What the task requires: The entries below are to be copied exactly, with nothing left out.

* * *

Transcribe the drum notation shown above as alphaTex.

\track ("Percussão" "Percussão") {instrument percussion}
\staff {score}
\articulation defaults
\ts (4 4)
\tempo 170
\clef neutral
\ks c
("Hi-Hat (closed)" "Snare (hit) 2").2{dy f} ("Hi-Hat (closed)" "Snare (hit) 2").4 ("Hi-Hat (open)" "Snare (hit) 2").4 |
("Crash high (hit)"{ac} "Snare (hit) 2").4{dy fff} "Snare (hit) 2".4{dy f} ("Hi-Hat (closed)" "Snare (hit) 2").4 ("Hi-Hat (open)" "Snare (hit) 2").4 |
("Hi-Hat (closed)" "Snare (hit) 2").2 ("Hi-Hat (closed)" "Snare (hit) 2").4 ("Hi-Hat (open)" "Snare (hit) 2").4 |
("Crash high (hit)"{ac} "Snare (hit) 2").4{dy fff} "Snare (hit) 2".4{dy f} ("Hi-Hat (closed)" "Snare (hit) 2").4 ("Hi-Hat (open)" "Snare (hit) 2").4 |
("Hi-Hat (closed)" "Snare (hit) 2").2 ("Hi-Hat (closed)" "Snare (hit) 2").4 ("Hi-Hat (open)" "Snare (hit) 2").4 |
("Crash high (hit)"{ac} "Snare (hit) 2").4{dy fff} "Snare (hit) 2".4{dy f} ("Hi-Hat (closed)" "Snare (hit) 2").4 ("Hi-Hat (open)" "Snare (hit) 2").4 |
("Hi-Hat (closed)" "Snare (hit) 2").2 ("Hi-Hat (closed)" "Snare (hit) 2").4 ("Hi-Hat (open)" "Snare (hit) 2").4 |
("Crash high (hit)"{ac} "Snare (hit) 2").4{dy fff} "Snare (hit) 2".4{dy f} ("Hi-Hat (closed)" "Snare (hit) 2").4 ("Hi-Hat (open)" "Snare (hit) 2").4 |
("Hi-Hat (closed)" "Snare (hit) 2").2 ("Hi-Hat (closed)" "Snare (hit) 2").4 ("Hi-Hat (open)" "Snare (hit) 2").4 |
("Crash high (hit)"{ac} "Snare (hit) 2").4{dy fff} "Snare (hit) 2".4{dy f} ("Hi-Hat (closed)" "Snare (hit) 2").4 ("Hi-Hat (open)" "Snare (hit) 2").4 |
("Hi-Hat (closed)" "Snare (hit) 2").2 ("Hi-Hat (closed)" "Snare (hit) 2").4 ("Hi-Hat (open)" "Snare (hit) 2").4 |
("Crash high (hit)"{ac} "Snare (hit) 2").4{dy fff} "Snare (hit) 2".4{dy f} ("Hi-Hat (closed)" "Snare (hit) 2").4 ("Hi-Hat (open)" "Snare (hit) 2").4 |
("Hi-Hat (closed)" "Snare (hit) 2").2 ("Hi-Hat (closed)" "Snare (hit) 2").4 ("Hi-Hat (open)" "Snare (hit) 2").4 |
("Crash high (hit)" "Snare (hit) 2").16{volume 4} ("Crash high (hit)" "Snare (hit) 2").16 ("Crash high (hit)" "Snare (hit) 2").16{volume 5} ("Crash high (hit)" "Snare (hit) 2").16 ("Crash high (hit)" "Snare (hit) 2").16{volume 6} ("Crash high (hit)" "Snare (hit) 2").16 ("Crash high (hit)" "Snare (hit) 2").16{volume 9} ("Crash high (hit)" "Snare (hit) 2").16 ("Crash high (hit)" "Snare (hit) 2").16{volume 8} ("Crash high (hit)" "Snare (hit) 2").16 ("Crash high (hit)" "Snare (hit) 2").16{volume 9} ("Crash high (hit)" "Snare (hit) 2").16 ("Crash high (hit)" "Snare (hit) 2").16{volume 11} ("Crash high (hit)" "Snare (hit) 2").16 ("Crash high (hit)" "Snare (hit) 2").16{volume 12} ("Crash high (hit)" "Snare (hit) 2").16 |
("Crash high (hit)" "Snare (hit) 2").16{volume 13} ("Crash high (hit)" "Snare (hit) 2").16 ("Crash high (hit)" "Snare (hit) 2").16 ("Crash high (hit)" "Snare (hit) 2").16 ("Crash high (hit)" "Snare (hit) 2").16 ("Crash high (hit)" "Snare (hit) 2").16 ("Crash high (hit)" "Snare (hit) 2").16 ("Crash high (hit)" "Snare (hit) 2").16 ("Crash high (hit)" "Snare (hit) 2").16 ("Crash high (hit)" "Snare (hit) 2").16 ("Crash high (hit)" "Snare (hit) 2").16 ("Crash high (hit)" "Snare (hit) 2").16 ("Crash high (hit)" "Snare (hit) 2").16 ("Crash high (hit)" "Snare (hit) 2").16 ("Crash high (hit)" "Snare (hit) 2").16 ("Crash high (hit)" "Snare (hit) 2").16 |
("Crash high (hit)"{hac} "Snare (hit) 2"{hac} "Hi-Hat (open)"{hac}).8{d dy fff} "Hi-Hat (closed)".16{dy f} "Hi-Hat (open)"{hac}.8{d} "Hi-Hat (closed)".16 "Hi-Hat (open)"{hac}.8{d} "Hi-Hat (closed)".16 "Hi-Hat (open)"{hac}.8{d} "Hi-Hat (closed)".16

* * *

Response box:
Transcribe the drum notation shown above as alphaTex.

\track ("Percussão" "Percussão") {instrument percussion}
\staff {score}
\articulation defaults
\ts (4 4)
\tempo 170
\clef neutral
\ks c
("Hi-Hat (closed)" "Snare (hit) 2").2{dy f} ("Hi-Hat (closed)" "Snare (hit) 2").4 ("Hi-Hat (open)" "Snare (hit) 2").4 |
("Crash high (hit)"{ac} "Snare (hit) 2").4{dy fff} "Snare (hit) 2".4{dy f} ("Hi-Hat (closed)" "Snare (hit) 2").4 ("Hi-Hat (open)" "Snare (hit) 2").4 |
("Hi-Hat (closed)" "Snare (hit) 2").2 ("Hi-Hat (closed)" "Snare (hit) 2").4 ("Hi-Hat (open)" "Snare (hit) 2").4 |
("Crash high (hit)"{ac} "Snare (hit) 2").4{dy fff} "Snare (hit) 2".4{dy f} ("Hi-Hat (closed)" "Snare (hit) 2").4 ("Hi-Hat (open)" "Snare (hit) 2").4 |
("Hi-Hat (closed)" "Snare (hit) 2").2 ("Hi-Hat (closed)" "Snare (hit) 2").4 ("Hi-Hat (open)" "Snare (hit) 2").4 |
("Crash high (hit)"{ac} "Snare (hit) 2").4{dy fff} "Snare (hit) 2".4{dy f} ("Hi-Hat (closed)" "Snare (hit) 2").4 ("Hi-Hat (open)" "Snare (hit) 2").4 |
("Hi-Hat (closed)" "Snare (hit) 2").2 ("Hi-Hat (closed)" "Snare (hit) 2").4 ("Hi-Hat (open)" "Snare (hit) 2").4 |
("Crash high (hit)"{ac} "Snare (hit) 2").4{dy fff} "Snare (hit) 2".4{dy f} ("Hi-Hat (closed)" "Snare (hit) 2").4 ("Hi-Hat (open)" "Snare (hit) 2").4 |
("Hi-Hat (closed)" "Snare (hit) 2").2 ("Hi-Hat (closed)" "Snare (hit) 2").4 ("Hi-Hat (open)" "Snare (hit) 2").4 |
("Crash high (hit)"{ac} "Snare (hit) 2").4{dy fff} "Snare (hit) 2".4{dy f} ("Hi-Hat (closed)" "Snare (hit) 2").4 ("Hi-Hat (open)" "Snare (hit) 2").4 |
("Hi-Hat (closed)" "Snare (hit) 2").2 ("Hi-Hat (closed)" "Snare (hit) 2").4 ("Hi-Hat (open)" "Snare (hit) 2").4 |
("Crash high (hit)"{ac} "Snare (hit) 2").4{dy fff} "Snare (hit) 2".4{dy f} ("Hi-Hat (closed)" "Snare (hit) 2").4 ("Hi-Hat (open)" "Snare (hit) 2").4 |
("Hi-Hat (closed)" "Snare (hit) 2").2 ("Hi-Hat (closed)" "Snare (hit) 2").4 ("Hi-Hat (open)" "Snare (hit) 2").4 |
("Crash high (hit)" "Snare (hit) 2").16{volume 4} ("Crash high (hit)" "Snare (hit) 2").16 ("Crash high (hit)" "Snare (hit) 2").16{volume 5} ("Crash high (hit)" "Snare (hit) 2").16 ("Crash high (hit)" "Snare (hit) 2").16{volume 6} ("Crash high (hit)" "Snare (hit) 2").16 ("Crash high (hit)" "Snare (hit) 2").16{volume 9} ("Crash high (hit)" "Snare (hit) 2").16 ("Crash high (hit)" "Snare (hit) 2").16{volume 8} ("Crash high (hit)" "Snare (hit) 2").16 ("Crash high (hit)" "Snare (hit) 2").16{volume 9} ("Crash high (hit)" "Snare (hit) 2").16 ("Crash high (hit)" "Snare (hit) 2").16{volume 11} ("Crash high (hit)" "Snare (hit) 2").16 ("Crash high (hit)" "Snare (hit) 2").16{volume 12} ("Crash high (hit)" "Snare (hit) 2").16 |
("Crash high (hit)" "Snare (hit) 2").16{volume 13} ("Crash high (hit)" "Snare (hit) 2").16 ("Crash high (hit)" "Snare (hit) 2").16 ("Crash high (hit)" "Snare (hit) 2").16 ("Crash high (hit)" "Snare (hit) 2").16 ("Crash high (hit)" "Snare (hit) 2").16 ("Crash high (hit)" "Snare (hit) 2").16 ("Crash high (hit)" "Snare (hit) 2").16 ("Crash high (hit)" "Snare (hit) 2").16 ("Crash high (hit)" "Snare (hit) 2").16 ("Crash high (hit)" "Snare (hit) 2").16 ("Crash high (hit)" "Snare (hit) 2").16 ("Crash high (hit)" "Snare (hit) 2").16 ("Crash high (hit)" "Snare (hit) 2").16 ("Crash high (hit)" "Snare (hit) 2").16 ("Crash high (hit)" "Snare (hit) 2").16 |
("Crash high (hit)"{hac} "Snare (hit) 2"{hac} "Hi-Hat (open)"{hac}).8{d dy fff} "Hi-Hat (closed)".16{dy f} "Hi-Hat (open)"{hac}.8{d} "Hi-Hat (closed)".16 "Hi-Hat (open)"{hac}.8{d} "Hi-Hat (closed)".16 "Hi-Hat (open)"{hac}.8{d} "Hi-Hat (closed)".16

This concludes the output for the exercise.